> _Aim of the exercise_: Give back exactly the lines running from the line with "Output: a JSON" to the end of the entries, and only those lines.

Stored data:
○ ○ ○ ○ ○

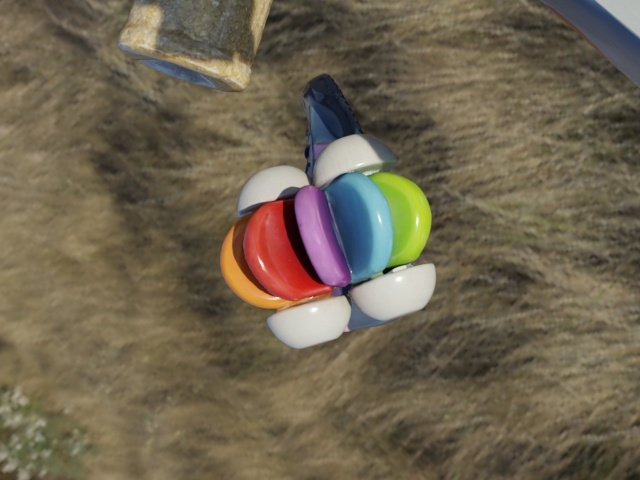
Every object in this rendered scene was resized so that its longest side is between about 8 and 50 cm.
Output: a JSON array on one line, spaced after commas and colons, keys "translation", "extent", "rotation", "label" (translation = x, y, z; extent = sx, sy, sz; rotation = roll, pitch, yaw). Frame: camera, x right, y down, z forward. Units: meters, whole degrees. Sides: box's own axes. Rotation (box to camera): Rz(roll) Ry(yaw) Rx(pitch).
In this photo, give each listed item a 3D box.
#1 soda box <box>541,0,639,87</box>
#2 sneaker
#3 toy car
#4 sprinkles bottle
[{"translation": [0.162, -0.160, 0.591], "extent": [0.286, 0.091, 0.098], "rotation": [52, -171, 33], "label": "soda box"}, {"translation": [0.007, -0.045, 1.202], "extent": [0.112, 0.131, 0.319], "rotation": [63, -173, -56], "label": "sneaker"}, {"translation": [0.000, 0.000, 0.921], "extent": [0.136, 0.182, 0.159], "rotation": [7, -115, -68], "label": "toy car"}, {"translation": [-0.065, -0.311, 0.942], "extent": [0.121, 0.355, 0.121], "rotation": [18, 179, 0], "label": "sprinkles bottle"}]

○ ○ ○ ○ ○

> _Output_:
Output: a JSON array on one line, spaced after commas and colons, keys "translation", "extent", "rotation", "label" (translation = x, y, z; extent = sx, sy, sz; rotation = roll, pitch, yaw). Frame: camera, x right, y down, z forward. Units: meters, whole degrees. Sides: box's own axes. Rotation (box to camera): Rz(roll) Ry(yaw) Rx(pitch).
In this photo, give each listed item a 3D box.
#1 soda box <box>541,0,639,87</box>
#2 sneaker
#3 toy car
#4 sprinkles bottle
[{"translation": [0.162, -0.160, 0.591], "extent": [0.286, 0.091, 0.098], "rotation": [52, -171, 33], "label": "soda box"}, {"translation": [0.007, -0.045, 1.202], "extent": [0.112, 0.131, 0.319], "rotation": [63, -173, -56], "label": "sneaker"}, {"translation": [0.000, 0.000, 0.921], "extent": [0.136, 0.182, 0.159], "rotation": [7, -115, -68], "label": "toy car"}, {"translation": [-0.065, -0.311, 0.942], "extent": [0.121, 0.355, 0.121], "rotation": [18, 179, 0], "label": "sprinkles bottle"}]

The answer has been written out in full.